Um der Diskussion willen sage ich deshalb mal: In 80% der Fälle, wo mir jmd sagt, seine Verwendung von Null sei nun aber wirklich unumgänglich, kann ich zeigen, dass es ohne Null nicht schlechter, sondern eher besser ist.

-Ralf

Thomas hat gesagt…

Meine Antwort:

http://blog.thomasbandt.de/39/2333/de/blog/null-verstaendnis.html

Grüße

Dejan Siedle hat gesagt…

In F# gibt es einen sogenannten Option - Type. Diesen kann man sich in C# nachbilden. Das Arbeiten mit dem Option - Type ist deutlich angenehmer, auch wenn man die NULL nicht ganz vermeiden kann. Möchte diesen Typen nicht mehr missen :-)

Danke für die Gedanken.

Viele Grüße

Ralf Westphal - One Man Think Tank hat gesagt…

@Dejan: Ja, der Option-Typ in F# ist cool. Wäre eine Alternative zu speziellen "Empty-Objekten".

-Ralf

Unknown hat gesagt…

Ralf,

Wir haben zwar bei vielen Dingen bzgl. Architektur von großen und verteilten Systemen andere Ansichten, aber hier bei der Null-Thematik teile ich deine Sichtweise komplett. Vor allem der erste und der dritte Blickwinkel sind für mich die Hauptargumentationspunkte ...

-Ingo

Ralf Westphal - One Man Think Tank hat gesagt…

@Ingo: Freut mich, dass wir einer Meinung sind.

Und wenn wir in anderen Themen anderer Meinung sind, dann sollten wir das vielleicht mehr diskutieren? Öffentlich? So dass ein Diskurs ensteht? Ich geb ja "Angriffsfläche" hier in meinem Blog.

Das kann mir was bringen - oder auch dir ;-) Und allemal "den Umstehenden", weil sie zwei Seiten hören.

-Ralf

Gerhard hat gesagt…

Hallo Ralf,

als Erstes muss ich bemerken, dass NULL keine Kategorie ist, sondern einfach NICHTS (steht damit als Meta-Wert über den Kategorien??).

Jede "void function" liefert eigentlich NULL als Funktionswert. Eine NULL anstatt eines singulären Funktionswertes ist eigentlich ein klarer Bruch. Die zitierte Option versteckt das nur und ist auch nicht besser.

Selber entwickle ich über 30 Jahre Software und kenne das Problem. Traue keinem Parameter, er könnte NULL sein - dito für Zeiger.

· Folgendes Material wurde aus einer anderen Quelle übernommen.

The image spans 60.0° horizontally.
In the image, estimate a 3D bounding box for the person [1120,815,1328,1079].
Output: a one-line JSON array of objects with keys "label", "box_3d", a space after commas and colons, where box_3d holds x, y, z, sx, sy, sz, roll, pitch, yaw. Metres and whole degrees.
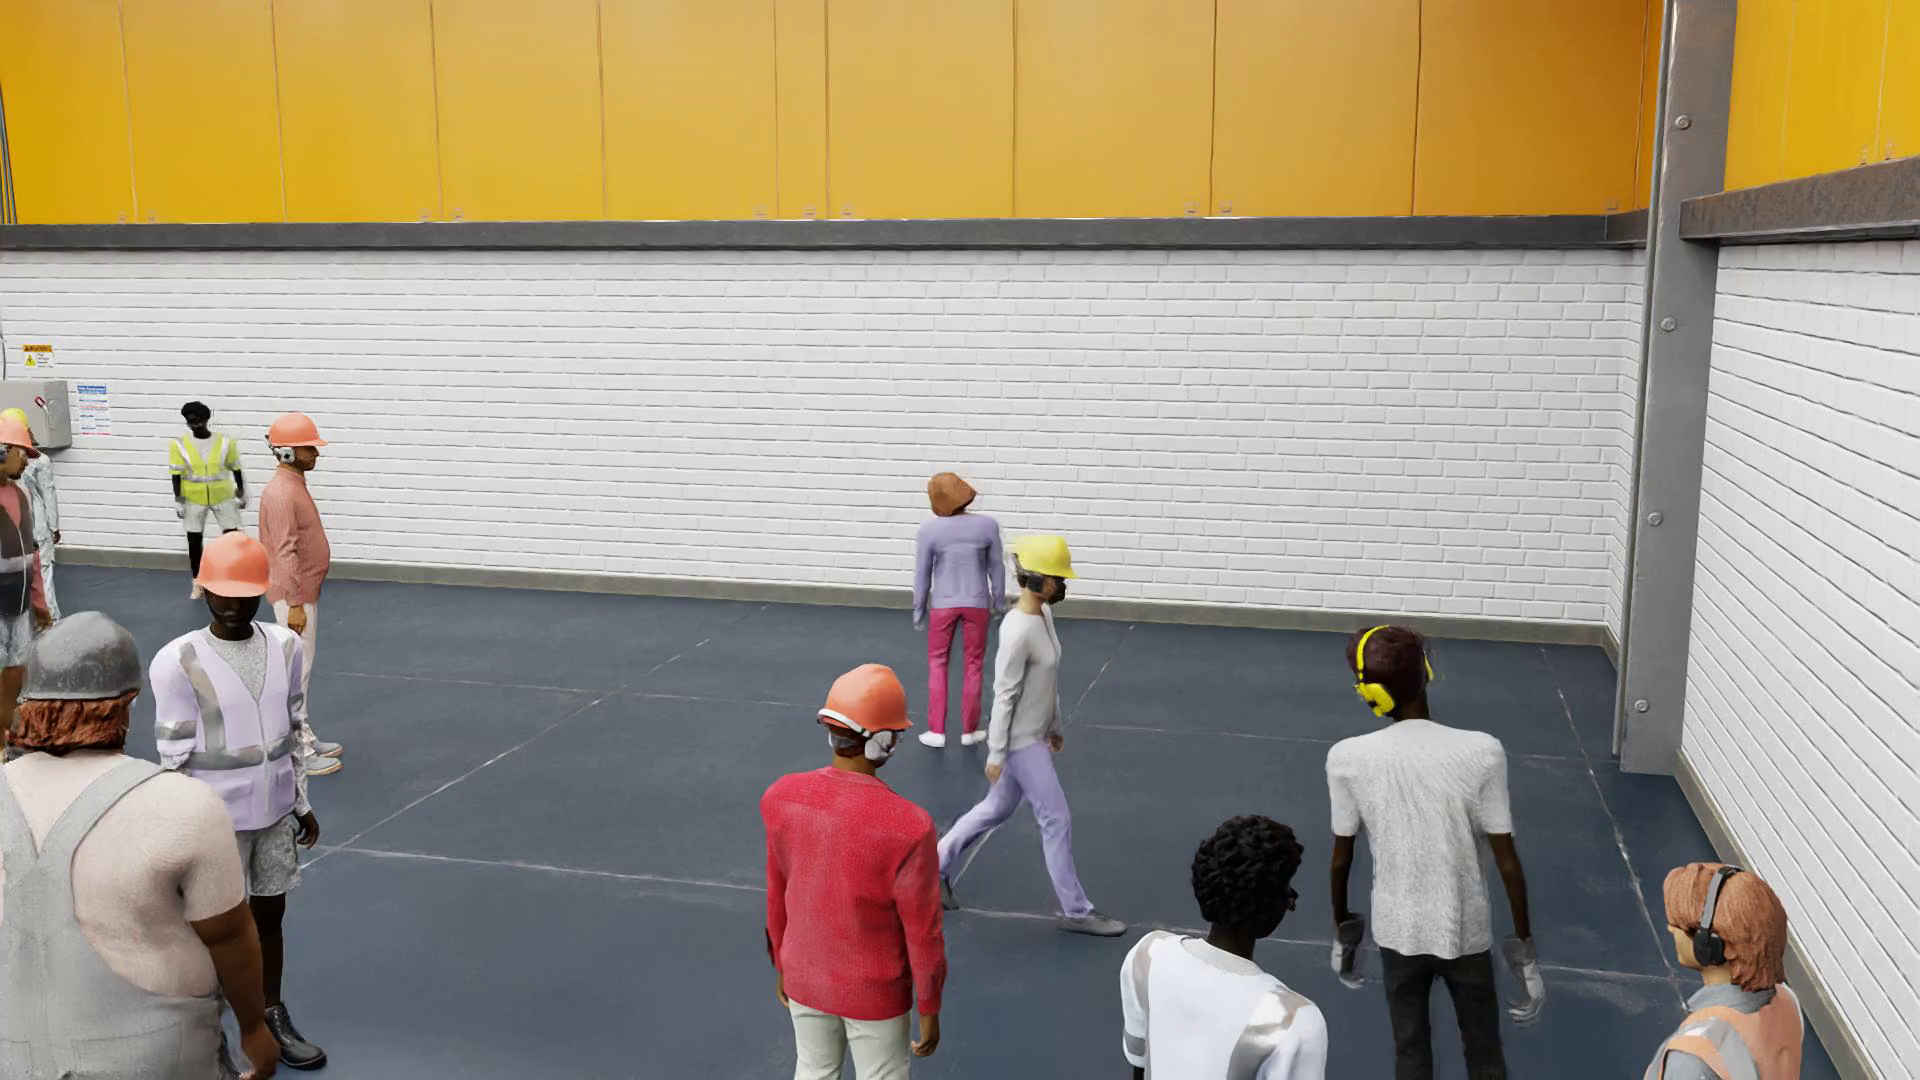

Falls eine Funktion eine Collection zurückgibt, da kann ich die NULL elegent umschiffen, indem eine leere Collection geliefert wird.

Erst heute stand ich vor der alten Frage: Warum geht das mit C# 4.0nicht:

void Sub(string message = string.Empty) {}

Aber

void Sub(string message = null) {}

mag er.
Ich verstehe, warum das so ist :-) Müsste aber nicht sein.

Das zitierte Video streamt gerade zu mir herab, werde ich dann mal anschauen. Es ist mit NULL-References betitelt - wir reden hier über das NULL-Objekt (OK Whats the difference?).

zurück zum NICHTS

Software muss lesbar und wartbar sein. Exceptions sind teuerer als eine NULL im Funktionswert und arbeiten über Nebeneffekte. Eine dokumentierte NULL halte ich für sinnvoller als zusätzliche Klassenkonstrukte, nur um eine NULL zu zu vermeiden. Wo NICHTS ist, ist halt NICHTS.

Das war keine Argumentation für NULL/NICHTS, ev. nur ein nichtiger Denkanstoß.

Aber schön, dass dieses Theme diskutiert wird.